[PATCH 1/2] ksm: Initial the addr only once in rmap_walk

linux-mm.kvack.org archive mirror
 help / color / mirror / Atom feed

* [PATCH 1/2] ksm: Initial the addr only once in rmap_walk_ksm
       [not found] <20260112215315996jocrkFSqeYfhABkZxqs4T@zte.com.cn>
@ 2026-01-12 13:59 ` xu.xin16
  2026-01-12 14:01 ` [PATCH 2/2] ksm: Optimize rmap_walk_ksm by passing a suitable address range xu.xin16
  1 sibling, 0 replies; 4+ messages in thread
From: xu.xin16 @ 2026-01-12 13:59 UTC (permalink / raw)
  To: akpm, david, chengming.zhou, hughd
  Cc: wang.yaxin, yang.yang29, xu.xin16, linux-mm, linux-kernel

From: xu xin <xu.xin16@zte.com.cn>

This is a minor performance optimization, especially when there are many
for-loop iterations, because the addr variable doesn’t change across
iterations.

Therefore, it only needs to be initialized once before the loop.

Signed-off-by: xu xin <xu.xin16@zte.com.cn>
---
 mm/ksm.c | 9 +++++----
 1 file changed, 5 insertions(+), 4 deletions(-)

diff --git a/mm/ksm.c b/mm/ksm.c
index cfc182255c7b..335e7151e4a1 100644
--- a/mm/ksm.c
+++ b/mm/ksm.c
@@ -3171,6 +3171,7 @@ void rmap_walk_ksm(struct folio *folio, struct rmap_walk_control *rwc)
 		struct anon_vma *anon_vma = rmap_item->anon_vma;
 		struct anon_vma_chain *vmac;
 		struct vm_area_struct *vma;
+		unsigned long addr;

 		cond_resched();
 		if (!anon_vma_trylock_read(anon_vma)) {
@@ -3180,16 +3181,16 @@ void rmap_walk_ksm(struct folio *folio, struct rmap_walk_control *rwc)
 			}
 			anon_vma_lock_read(anon_vma);
 		}
+
+		/* Ignore the stable/unstable/sqnr flags */
+		addr = rmap_item->address & PAGE_MASK;
+
 		anon_vma_interval_tree_foreach(vmac, &anon_vma->rb_root,
 					       0, ULONG_MAX) {
-			unsigned long addr;

 			cond_resched();
 			vma = vmac->vma;

-			/* Ignore the stable/unstable/sqnr flags */
-			addr = rmap_item->address & PAGE_MASK;
-
 			if (addr < vma->vm_start || addr >= vma->vm_end)
 				continue;
 			/*
-- 
2.25.1


^ permalink raw reply	[flat|nested] 4+ messages in thread

* [PATCH 2/2] ksm: Optimize rmap_walk_ksm by passing a suitable address  range
       [not found] <20260112215315996jocrkFSqeYfhABkZxqs4T@zte.com.cn>
  2026-01-12 13:59 ` [PATCH 1/2] ksm: Initial the addr only once in rmap_walk_ksm xu.xin16
@ 2026-01-12 14:01 ` xu.xin16
  2026-01-12 17:47   ` Andrew Morton
  2026-01-12 19:25   ` David Hildenbrand (Red Hat)
  1 sibling, 2 replies; 4+ messages in thread
From: xu.xin16 @ 2026-01-12 14:01 UTC (permalink / raw)
  To: akpm, david, chengming.zhou, hughd
  Cc: david, wang.yaxin, yang.yang29, linux-mm, linux-kernel

From: xu xin <xu.xin16@zte.com.cn>

Problem
=======
When available memory is extremely tight, causing KSM pages to be swapped
out, or when there is significant memory fragmentation and THP triggers
memory compaction, the system will invoke the rmap_walk_ksm function to
perform reverse mapping.
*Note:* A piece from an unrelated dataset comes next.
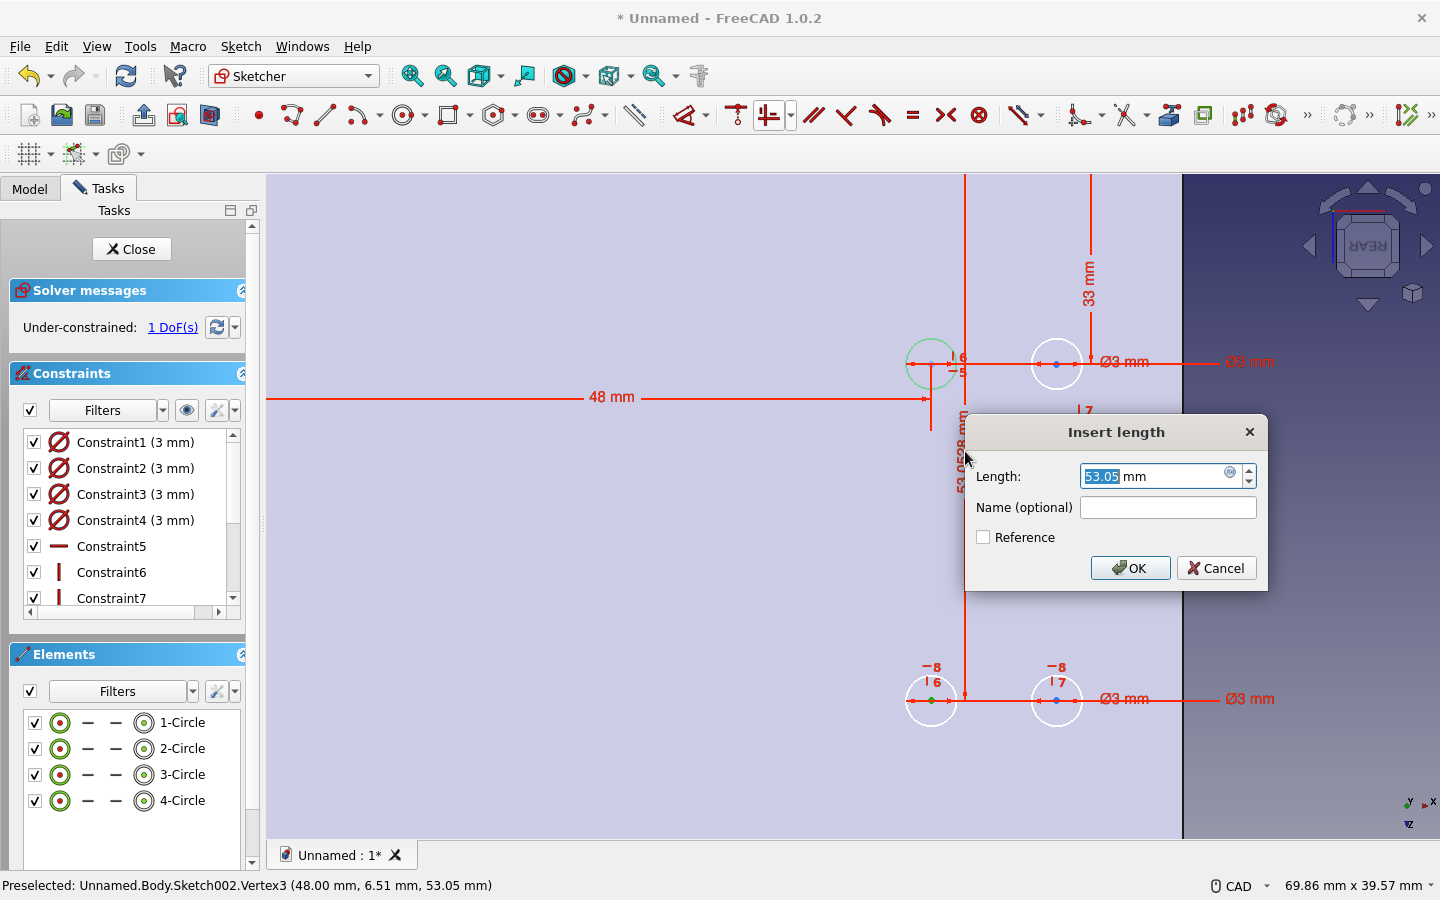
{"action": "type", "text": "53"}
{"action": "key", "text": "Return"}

However, we observed that this function becomes
particularly time-consuming when a large number of VMAs (e.g., 20,000)
share the same anon_vma. Through debug trace analysis, we found that most
of the latency occurs within anon_vma_interval_tree_foreach, leading to an
excessively long hold time on the anon_vma lock (even reaching 500ms or
more), which in turn causes upper-layer applications (waiting for the
anon_vma lock) to be blocked for extended periods.

Root Reaon
==========
Further investigation revealed that 99.9% of iterations inside the
anon_vma_interval_tree_foreach loop are skipped due to the first check
"if (addr < vma->vm_start || addr >= vma->vm_end)), indicating that a large
number of loop iterations are ineffective. This inefficiency arises because
the pgoff_start and pgoff_end parameters passed to
anon_vma_interval_tree_foreach span the entire address space from 0 to
ULONG_MAX, resulting in very poor loop efficiency.

Solution
========
In fact, we can significantly improve performance by passing a more precise
range based on the given addr. Since the original pages merged by KSM
correspond to anonymous VMAs, the page offset can be calculated as
pgoff = address >> PAGE_SHIFT. Therefore, we can optimize the call by
defining:

	pgoff_start = rmap_item->address >> PAGE_SHIFT;
	pgoff_end = pgoff_start + folio_nr_pages(folio) - 1;

Performance
===========
In our real embedded Linux environment, the measured metrcis were as follows:

1) Time_ms: Max time for holding anon_vma lock in a single rmap_walk_ksm.
2) Nr_iteration_total: The max times of iterations in a loop of anon_vma_interval_tree_foreach
3) Skip_addr_out_of_range: The max times of skipping due to the first check (vma->vm_start
            and vma->vm_end) in a loop of anon_vma_interval_tree_foreach.
4) Skip_mm_mismatch: The max times of skipping due to the second check (rmap_item->mm == vma->vm_mm)
            in a loop of anon_vma_interval_tree_foreach.

The result is as follows:

                 Time_ms      Nr_iteration_total    Skip_addr_out_of_range   Skip_mm_mismatch
Before patched:  228.65       22169                 22168                    0
After pacthed:   0.396        3                     0                        2

Co-developed-by: Wang Yaxin <wang.yaxin@zte.com.cn>
Signed-off-by: xu xin <xu.xin16@zte.com.cn>
---
 mm/ksm.c | 6 +++++-
 1 file changed, 5 insertions(+), 1 deletion(-)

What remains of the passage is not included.